[Collected data entries]
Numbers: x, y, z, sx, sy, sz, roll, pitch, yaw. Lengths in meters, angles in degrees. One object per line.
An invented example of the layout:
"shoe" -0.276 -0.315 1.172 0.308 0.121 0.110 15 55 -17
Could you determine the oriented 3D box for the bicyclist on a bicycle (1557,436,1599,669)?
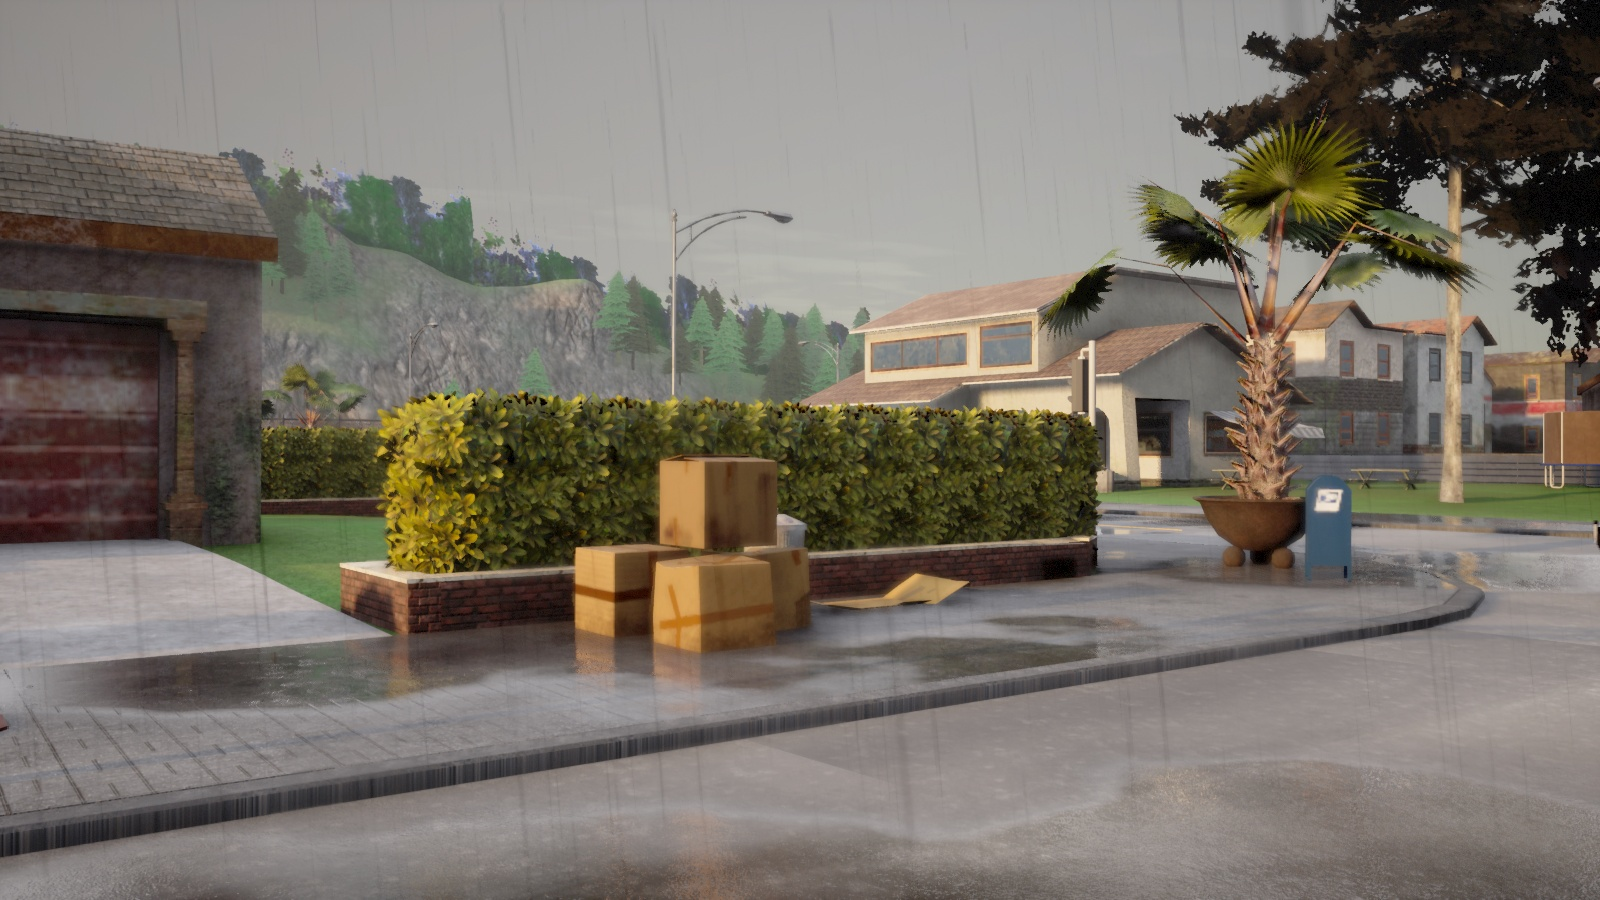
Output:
"bicyclist on a bicycle" 6.212 0.707 9.255 1.656 1.620 0.582 0 0 -41
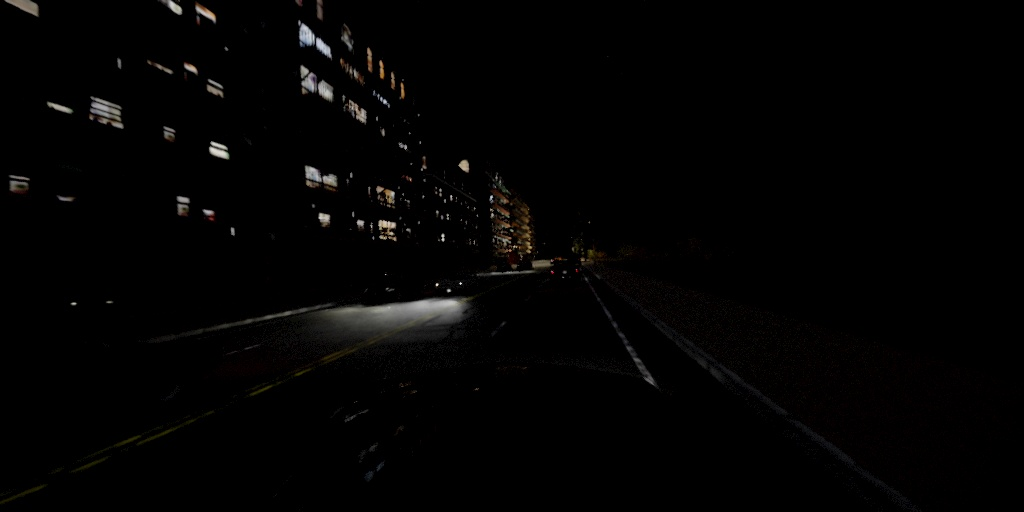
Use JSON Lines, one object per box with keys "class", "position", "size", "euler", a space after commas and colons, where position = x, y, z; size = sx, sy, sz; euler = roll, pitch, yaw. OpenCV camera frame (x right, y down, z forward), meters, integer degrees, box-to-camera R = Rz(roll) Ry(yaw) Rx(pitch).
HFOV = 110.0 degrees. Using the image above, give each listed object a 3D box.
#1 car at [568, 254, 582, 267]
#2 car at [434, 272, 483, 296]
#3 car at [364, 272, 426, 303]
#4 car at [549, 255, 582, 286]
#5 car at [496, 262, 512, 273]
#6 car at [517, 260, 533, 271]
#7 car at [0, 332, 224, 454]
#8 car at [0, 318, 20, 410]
{"class": "car", "position": [11.277, 0.770, 64.342], "size": [2.150, 2.045, 5.566], "euler": [-3, 0, 9]}
{"class": "car", "position": [-3.295, 1.702, 22.958], "size": [1.895, 1.301, 4.718], "euler": [-3, 0, 10]}
{"class": "car", "position": [-6.853, 1.775, 21.467], "size": [1.882, 1.535, 5.008], "euler": [-3, -1, 10]}
{"class": "car", "position": [3.760, 1.056, 25.282], "size": [2.097, 1.767, 4.553], "euler": [-3, 0, 10]}
{"class": "car", "position": [-1.198, 1.718, 55.708], "size": [1.837, 1.490, 4.892], "euler": [-3, 0, 10]}
{"class": "car", "position": [1.992, 1.376, 55.188], "size": [2.097, 1.767, 4.553], "euler": [-3, 0, 10]}
{"class": "car", "position": [-6.441, 1.746, 4.303], "size": [1.895, 1.301, 4.718], "euler": [-3, 0, 9]}
{"class": "car", "position": [-9.802, 1.845, 3.903], "size": [1.837, 1.490, 4.892], "euler": [-3, -1, 9]}

- Instructions for the task: From first line to last, return the records verbatim without their pictures.

- Response below:
Numbers: x, y, z, sx, sy, sz, roll, pitch, yaw. Lengths in meters, angles in degrees. One object per line.
An invented example of the layout:
"shoe" -0.276 -0.315 1.172 0.308 0.121 0.110 15 55 -17
Could you determine the oriented 3D box for the bicyclist on a bicycle (1557,436,1599,669)?
Output:
"bicyclist on a bicycle" 6.212 0.707 9.255 1.656 1.620 0.582 0 0 -41
Use JSON Lines, one object per box with keys "class", "position", "size", "euler", a space after commas and colons, where position = x, y, z; size = sx, sy, sz; euler = roll, pitch, yaw. OpenCV camera frame (x right, y down, z forward), meters, integer degrees, box-to-camera R = Rz(roll) Ry(yaw) Rx(pitch).
HFOV = 110.0 degrees. Using the image above, give each listed object a 3D box.
#1 car at [568, 254, 582, 267]
#2 car at [434, 272, 483, 296]
#3 car at [364, 272, 426, 303]
#4 car at [549, 255, 582, 286]
#5 car at [496, 262, 512, 273]
#6 car at [517, 260, 533, 271]
#7 car at [0, 332, 224, 454]
#8 car at [0, 318, 20, 410]
{"class": "car", "position": [11.277, 0.770, 64.342], "size": [2.150, 2.045, 5.566], "euler": [-3, 0, 9]}
{"class": "car", "position": [-3.295, 1.702, 22.958], "size": [1.895, 1.301, 4.718], "euler": [-3, 0, 10]}
{"class": "car", "position": [-6.853, 1.775, 21.467], "size": [1.882, 1.535, 5.008], "euler": [-3, -1, 10]}
{"class": "car", "position": [3.760, 1.056, 25.282], "size": [2.097, 1.767, 4.553], "euler": [-3, 0, 10]}
{"class": "car", "position": [-1.198, 1.718, 55.708], "size": [1.837, 1.490, 4.892], "euler": [-3, 0, 10]}
{"class": "car", "position": [1.992, 1.376, 55.188], "size": [2.097, 1.767, 4.553], "euler": [-3, 0, 10]}
{"class": "car", "position": [-6.441, 1.746, 4.303], "size": [1.895, 1.301, 4.718], "euler": [-3, 0, 9]}
{"class": "car", "position": [-9.802, 1.845, 3.903], "size": [1.837, 1.490, 4.892], "euler": [-3, -1, 9]}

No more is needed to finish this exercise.